◆ **Exercise description**
Write out a word-for-word repetition of the lines that come before the line containing "highest value in the USA?" in the listing below, along with that line itself, omitting pictures.

◆ **Exercise data**
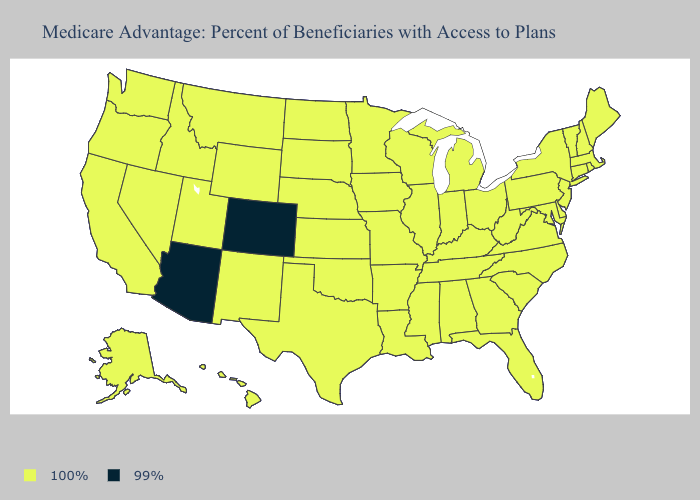What is the value of Wyoming?
Write a very short answer. 100%. Does Alabama have the lowest value in the USA?
Answer briefly. No. What is the lowest value in the MidWest?
Answer briefly. 100%. Does the first symbol in the legend represent the smallest category?
Keep it brief. No. What is the value of Oregon?
Answer briefly. 100%. Name the states that have a value in the range 100%?
Concise answer only. Alaska, Alabama, Arkansas, California, Connecticut, Delaware, Florida, Georgia, Hawaii, Iowa, Idaho, Illinois, Indiana, Kansas, Kentucky, Louisiana, Massachusetts, Maryland, Maine, Michigan, Minnesota, Missouri, Mississippi, Montana, North Carolina, North Dakota, Nebraska, New Hampshire, New Jersey, New Mexico, Nevada, New York, Ohio, Oklahoma, Oregon, Pennsylvania, Rhode Island, South Carolina, South Dakota, Tennessee, Texas, Utah, Virginia, Vermont, Washington, Wisconsin, West Virginia, Wyoming. Which states have the highest value in the USA?
Quick response, please. Alaska, Alabama, Arkansas, California, Connecticut, Delaware, Florida, Georgia, Hawaii, Iowa, Idaho, Illinois, Indiana, Kansas, Kentucky, Louisiana, Massachusetts, Maryland, Maine, Michigan, Minnesota, Missouri, Mississippi, Montana, North Carolina, North Dakota, Nebraska, New Hampshire, New Jersey, New Mexico, Nevada, New York, Ohio, Oklahoma, Oregon, Pennsylvania, Rhode Island, South Carolina, South Dakota, Tennessee, Texas, Utah, Virginia, Vermont, Washington, Wisconsin, West Virginia, Wyoming. What is the value of Alabama?
Write a very short answer. 100%. Among the states that border Nevada , does Arizona have the lowest value?
Write a very short answer. Yes. Name the states that have a value in the range 99%?
Be succinct. Arizona, Colorado. What is the value of New Mexico?
Be succinct. 100%. What is the value of Idaho?
Quick response, please. 100%. What is the value of Michigan?
Keep it brief. 100%. Name the states that have a value in the range 100%?
Concise answer only. Alaska, Alabama, Arkansas, California, Connecticut, Delaware, Florida, Georgia, Hawaii, Iowa, Idaho, Illinois, Indiana, Kansas, Kentucky, Louisiana, Massachusetts, Maryland, Maine, Michigan, Minnesota, Missouri, Mississippi, Montana, North Carolina, North Dakota, Nebraska, New Hampshire, New Jersey, New Mexico, Nevada, New York, Ohio, Oklahoma, Oregon, Pennsylvania, Rhode Island, South Carolina, South Dakota, Tennessee, Texas, Utah, Virginia, Vermont, Washington, Wisconsin, West Virginia, Wyoming. 
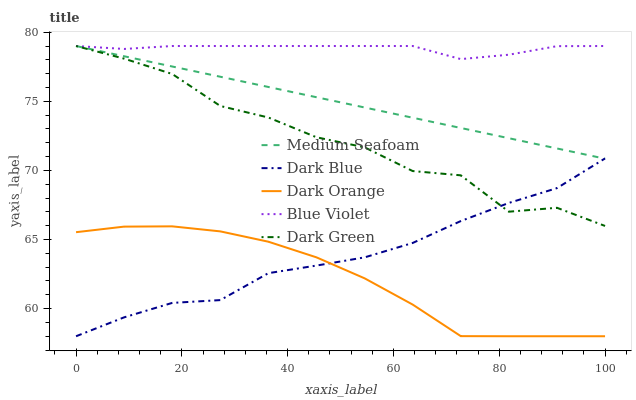Does Dark Orange have the minimum area under the curve?
Answer yes or no. Yes. Does Blue Violet have the maximum area under the curve?
Answer yes or no. Yes. Does Dark Green have the minimum area under the curve?
Answer yes or no. No. Does Dark Green have the maximum area under the curve?
Answer yes or no. No. Is Medium Seafoam the smoothest?
Answer yes or no. Yes. Is Dark Green the roughest?
Answer yes or no. Yes. Is Dark Green the smoothest?
Answer yes or no. No. Is Medium Seafoam the roughest?
Answer yes or no. No. Does Dark Green have the lowest value?
Answer yes or no. No. Does Blue Violet have the highest value?
Answer yes or no. Yes. Does Dark Orange have the highest value?
Answer yes or no. No. Is Dark Orange less than Blue Violet?
Answer yes or no. Yes. Is Blue Violet greater than Dark Orange?
Answer yes or no. Yes. Does Dark Green intersect Medium Seafoam?
Answer yes or no. Yes. Is Dark Green less than Medium Seafoam?
Answer yes or no. No. Is Dark Green greater than Medium Seafoam?
Answer yes or no. No. Does Dark Orange intersect Blue Violet?
Answer yes or no. No. 
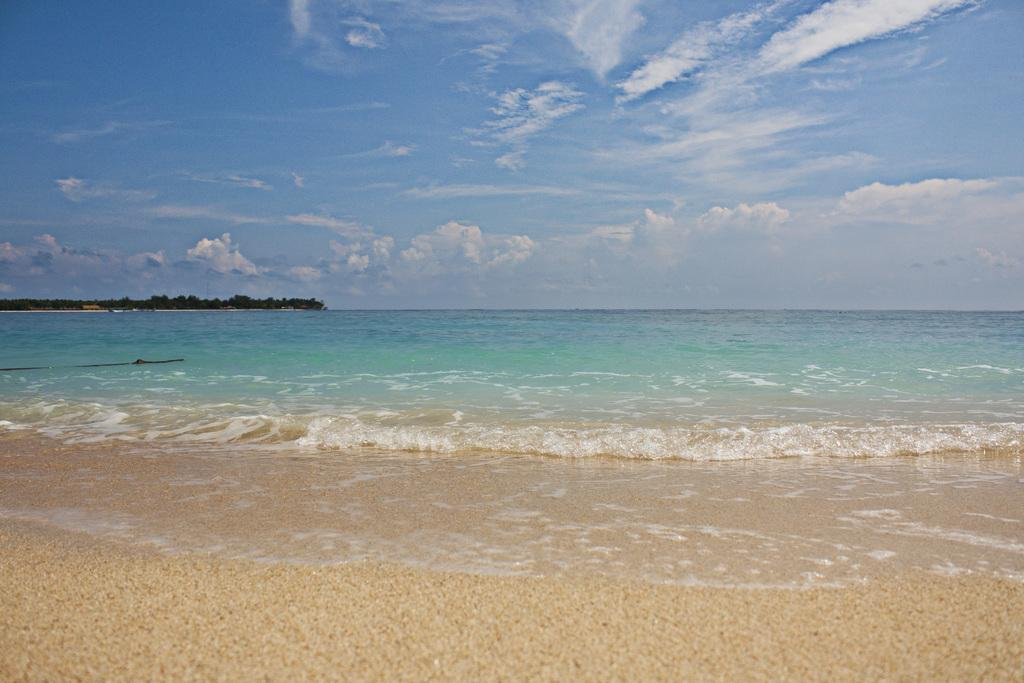What type of natural environment is depicted in the image? The image shows an ocean. What two elements are present in the image that are commonly found near the ocean? There is water and sand in the image. What can be seen in the background of the image? There are trees in the background of the image. What is visible in the sky in the image? The sky is visible in the image, and clouds are present. Can you see your friend playing with a quince in the image? There is no friend or quince present in the image; it depicts an ocean scene with water, sand, trees, and a cloudy sky. 
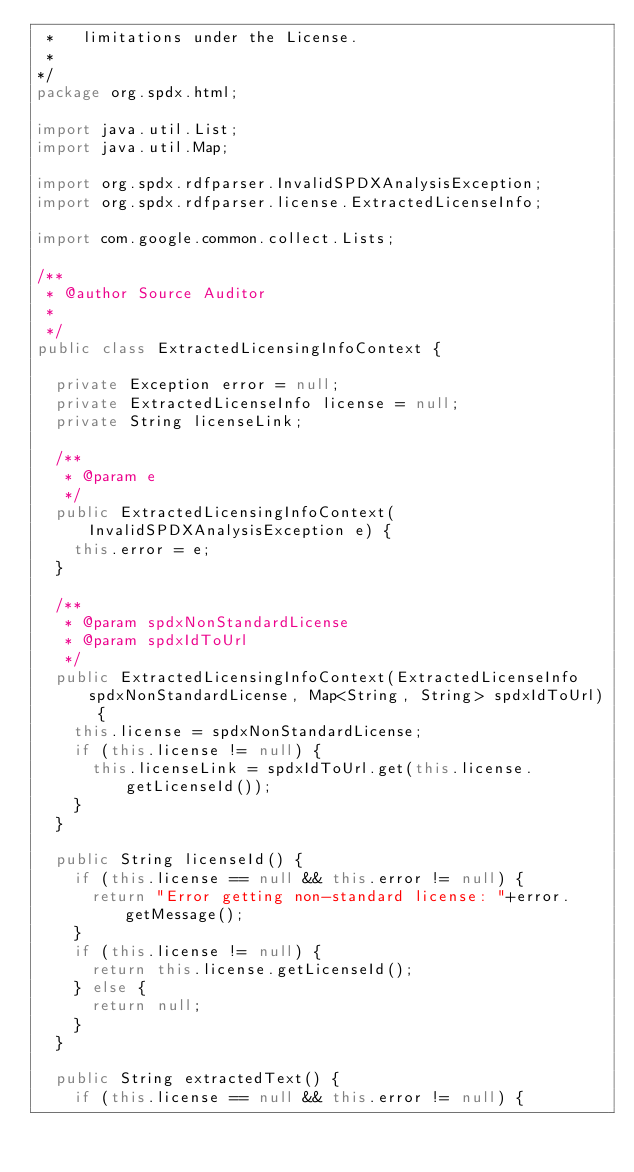Convert code to text. <code><loc_0><loc_0><loc_500><loc_500><_Java_> *   limitations under the License.
 *
*/
package org.spdx.html;

import java.util.List;
import java.util.Map;

import org.spdx.rdfparser.InvalidSPDXAnalysisException;
import org.spdx.rdfparser.license.ExtractedLicenseInfo;

import com.google.common.collect.Lists;

/**
 * @author Source Auditor
 *
 */
public class ExtractedLicensingInfoContext {

	private Exception error = null;
	private ExtractedLicenseInfo license = null;
	private String licenseLink;
	
	/**
	 * @param e
	 */
	public ExtractedLicensingInfoContext(InvalidSPDXAnalysisException e) {
		this.error = e;
	}

	/**
	 * @param spdxNonStandardLicense
	 * @param spdxIdToUrl 
	 */
	public ExtractedLicensingInfoContext(ExtractedLicenseInfo spdxNonStandardLicense, Map<String, String> spdxIdToUrl) {
		this.license = spdxNonStandardLicense;
		if (this.license != null) {
			this.licenseLink = spdxIdToUrl.get(this.license.getLicenseId());
		}	
	}
	
	public String licenseId() {
		if (this.license == null && this.error != null) {
			return "Error getting non-standard license: "+error.getMessage();
		}
		if (this.license != null) {
			return this.license.getLicenseId();
		} else {
			return null;
		}
	}
	
	public String extractedText() {
		if (this.license == null && this.error != null) {</code>

◆ **Response to the task**
What is the value of Wyoming?
Write a very short answer. 100%. Does Alabama have the lowest value in the USA?
Answer briefly. No. What is the lowest value in the MidWest?
Answer briefly. 100%. Does the first symbol in the legend represent the smallest category?
Keep it brief. No. What is the value of Oregon?
Answer briefly. 100%. Name the states that have a value in the range 100%?
Concise answer only. Alaska, Alabama, Arkansas, California, Connecticut, Delaware, Florida, Georgia, Hawaii, Iowa, Idaho, Illinois, Indiana, Kansas, Kentucky, Louisiana, Massachusetts, Maryland, Maine, Michigan, Minnesota, Missouri, Mississippi, Montana, North Carolina, North Dakota, Nebraska, New Hampshire, New Jersey, New Mexico, Nevada, New York, Ohio, Oklahoma, Oregon, Pennsylvania, Rhode Island, South Carolina, South Dakota, Tennessee, Texas, Utah, Virginia, Vermont, Washington, Wisconsin, West Virginia, Wyoming. Which states have the highest value in the USA?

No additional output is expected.